(Beginning of Data listing)

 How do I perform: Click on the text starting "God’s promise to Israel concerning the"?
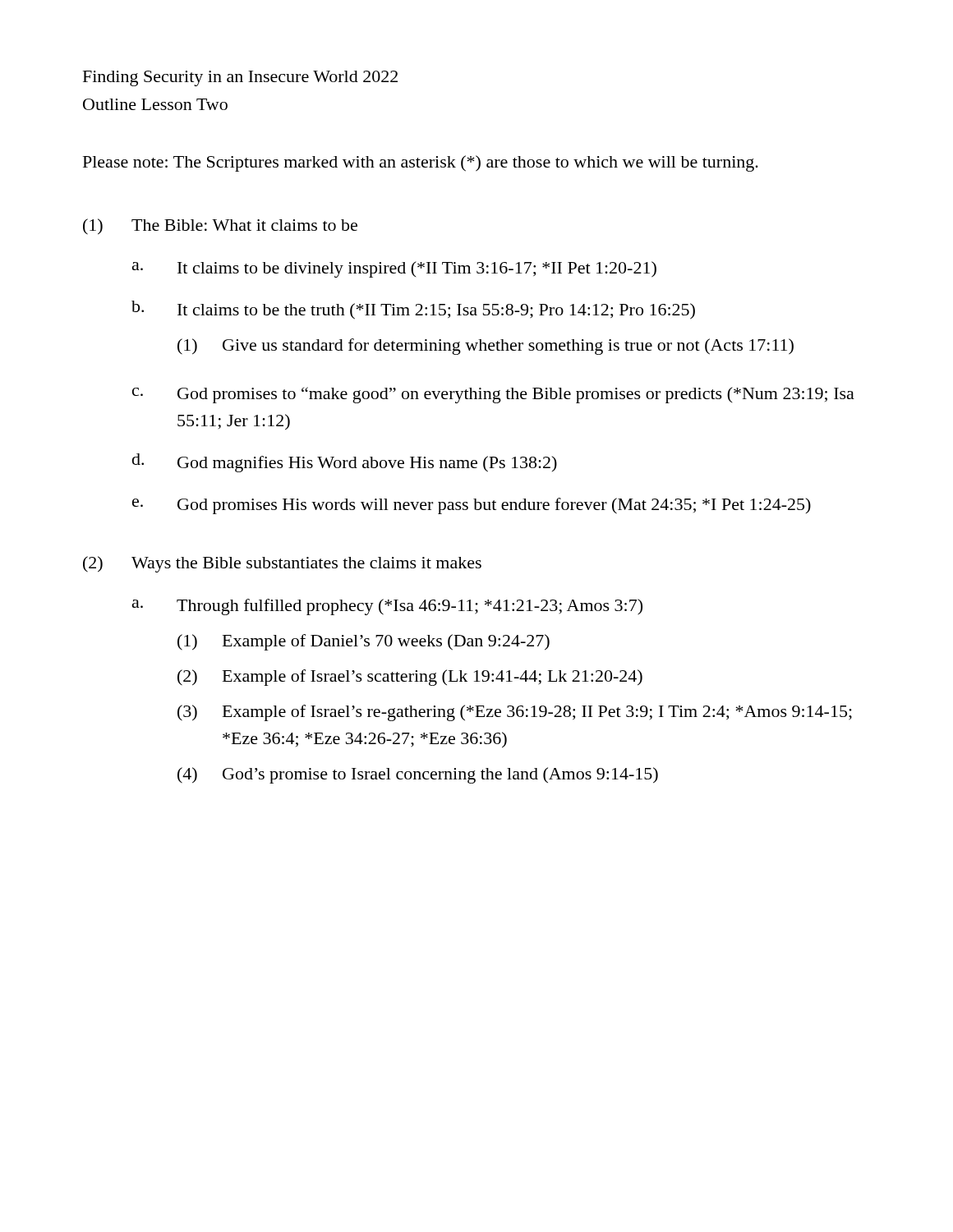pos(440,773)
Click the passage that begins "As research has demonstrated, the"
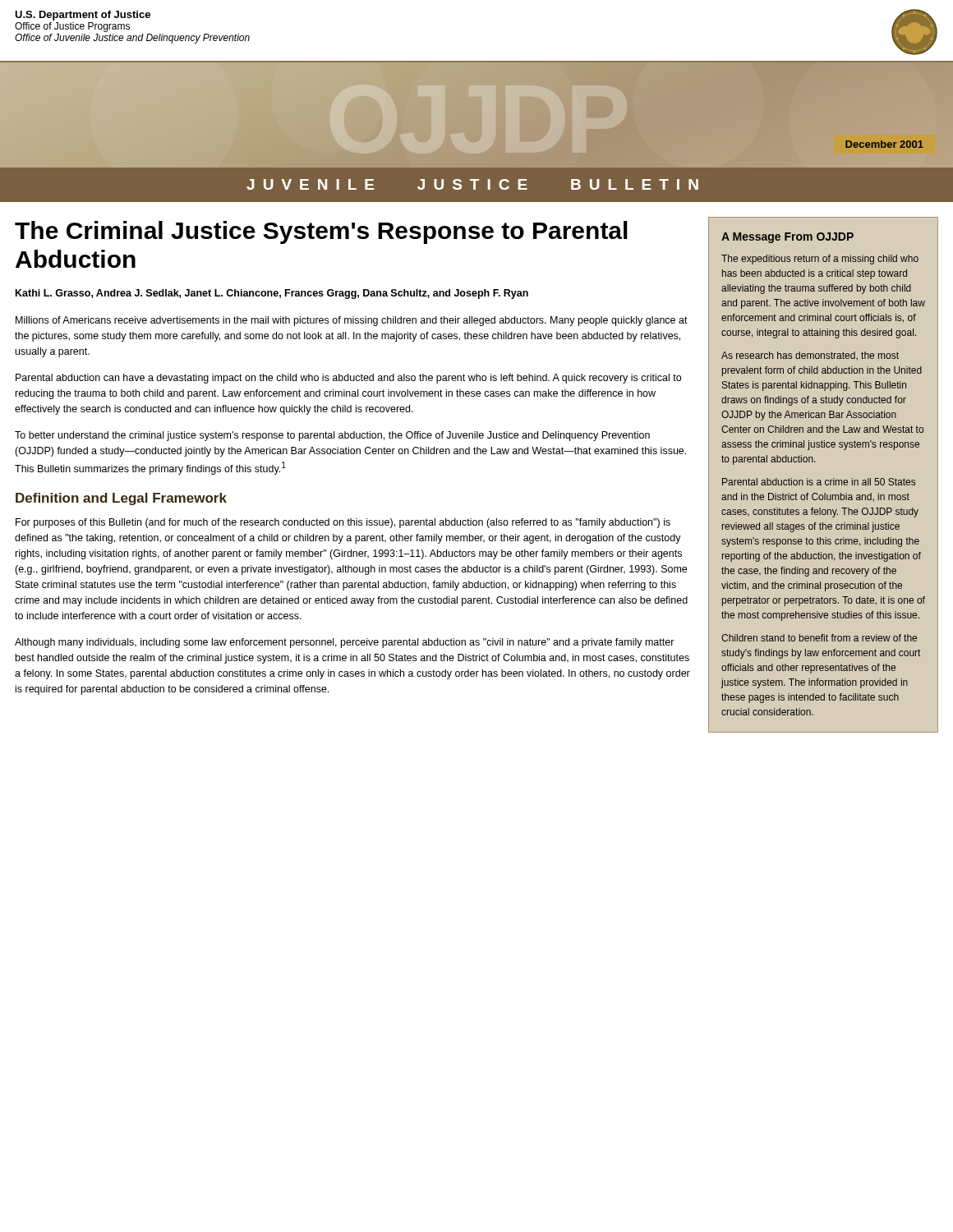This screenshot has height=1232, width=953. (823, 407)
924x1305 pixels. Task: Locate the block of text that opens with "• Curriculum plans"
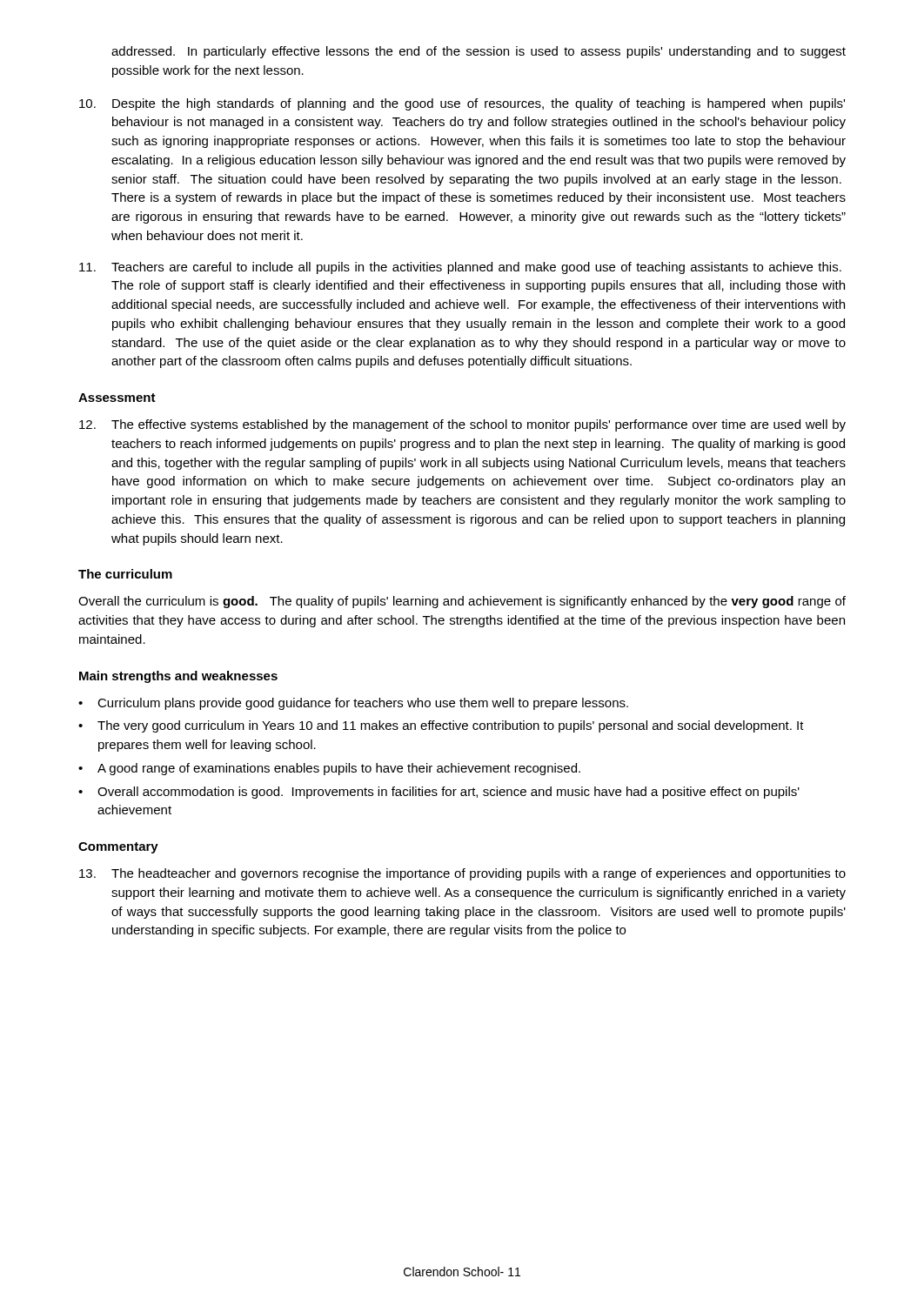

(End of Data listing)

Problem description: Give the records above again verbatim, pictures omitted.

Answer for this exercise:
 How do I perform: Click on the text starting "God’s promise to Israel concerning the"?
pos(440,773)
Click the passage that begins "As research has demonstrated, the"
This screenshot has height=1232, width=953. (823, 407)
924x1305 pixels. Task: Locate the block of text that opens with "• Curriculum plans"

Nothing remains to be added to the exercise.